§ SUPPLIED MATERIAL:

◇ ◇ ◇ ◇ ◇ ◇ ◇

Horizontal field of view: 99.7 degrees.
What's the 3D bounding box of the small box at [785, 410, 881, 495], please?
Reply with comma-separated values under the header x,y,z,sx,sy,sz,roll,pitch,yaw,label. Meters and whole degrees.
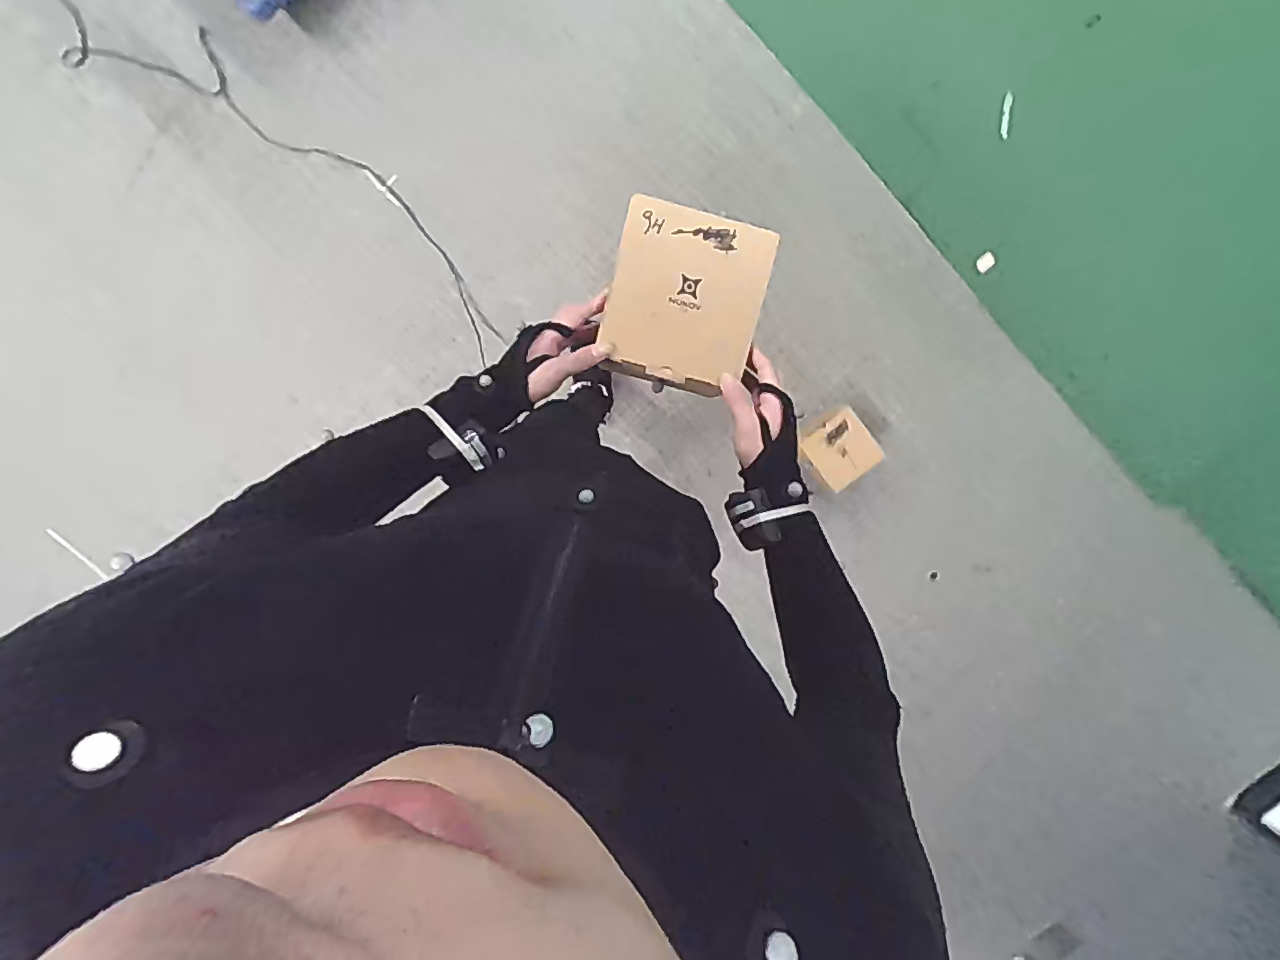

◇ ◇ ◇ ◇ ◇ ◇ ◇

§ WHAT YOU ARE ASKED TO DO: Without the pictures, retype all of the data above exactly.

§ PROBLEM SOLUTION:
Horizontal field of view: 99.7 degrees.
What's the 3D bounding box of the small box at [785, 410, 881, 495], please?
Reply with comma-separated values under the header x,y,z,sx,sy,sz,roll,pitch,yaw,label. Meters and whole degrees.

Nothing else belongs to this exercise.